Roman Catholic Cardinal Jaime Ortega announced Sunday he managed to convince Cuban authorities to lift the month-long ban on street protests by “Ladies in White”—the wives and mothers of political prisoners.
Cardinal Jaime Ortega said the Church was always dealing with political prisoner issues with the Cuban government; In ecclesiastical terms, I would say, for ever and ever. The Archbishop of Havana made his announcement while delivering a mass at the Church of Santa Rita, after which he presided over a march by 12 members of the Ladies in White down the capital's Fifth Avenue.
For three previous Sundays, similar marches were attempted but stopped outside the church by police, who said the group lacked a protest permit. Opposition groups, including the Ladies in White, have recently stepped-up their challenge to government authority by regularly taking to the streets.
The protests have aroused strong criticism of the Cuban regime from Europe, the United States and international human rights organizations, but Havana has so far dismissed it all as a political campaign. The Cuban government refuses to admit it holds political prisoners and accuses the Ladies in White of being mercenaries and agents of US-sponsored subversion on the island.
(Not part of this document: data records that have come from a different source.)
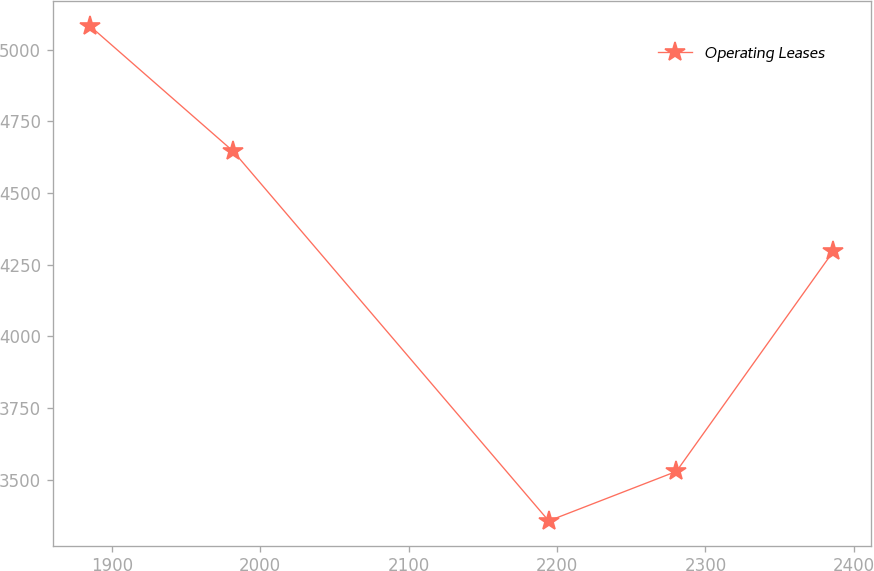<chart> <loc_0><loc_0><loc_500><loc_500><line_chart><ecel><fcel>Operating Leases<nl><fcel>1885.25<fcel>5082.67<nl><fcel>1981.95<fcel>4644.89<nl><fcel>2194.4<fcel>3356.66<nl><fcel>2280.44<fcel>3529.26<nl><fcel>2386.15<fcel>4296.73<nl></chart> 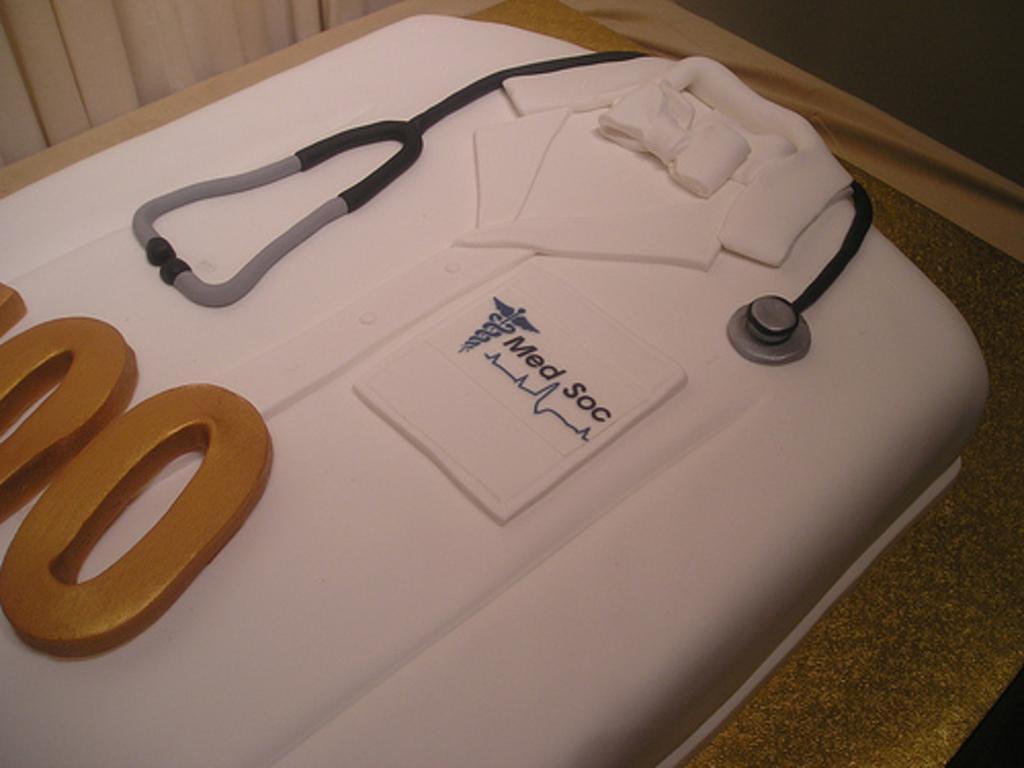Describe this image in one or two sentences. In this picture we can see a cake in the shape of an apron and stethoscope, and also we can see few curtains. 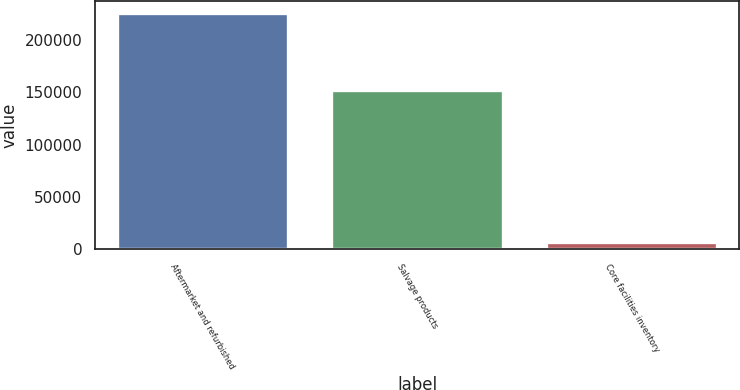Convert chart. <chart><loc_0><loc_0><loc_500><loc_500><bar_chart><fcel>Aftermarket and refurbished<fcel>Salvage products<fcel>Core facilities inventory<nl><fcel>226299<fcel>152438<fcel>6949<nl></chart>

Havana has come under fire internationally and from activists inside Cuba since the February 23 death of dissident Orlando Zapata, after an 85-day prison hunger strike to demand the release of 26 fellow ailing political prisoners.
A second dissident—independent journalist Guillermo Fariñas, 48—took up the cause with his own hunger strike a day after Zapata's death and has since rejected the advice of his mother and others to drop his protest lest he die.
Cardinal Jaime Ortega also told reporters that the Catholic Church on Sunday had once again asked Fariñas to be more flexible in his stance and end his 68-day hunger strike.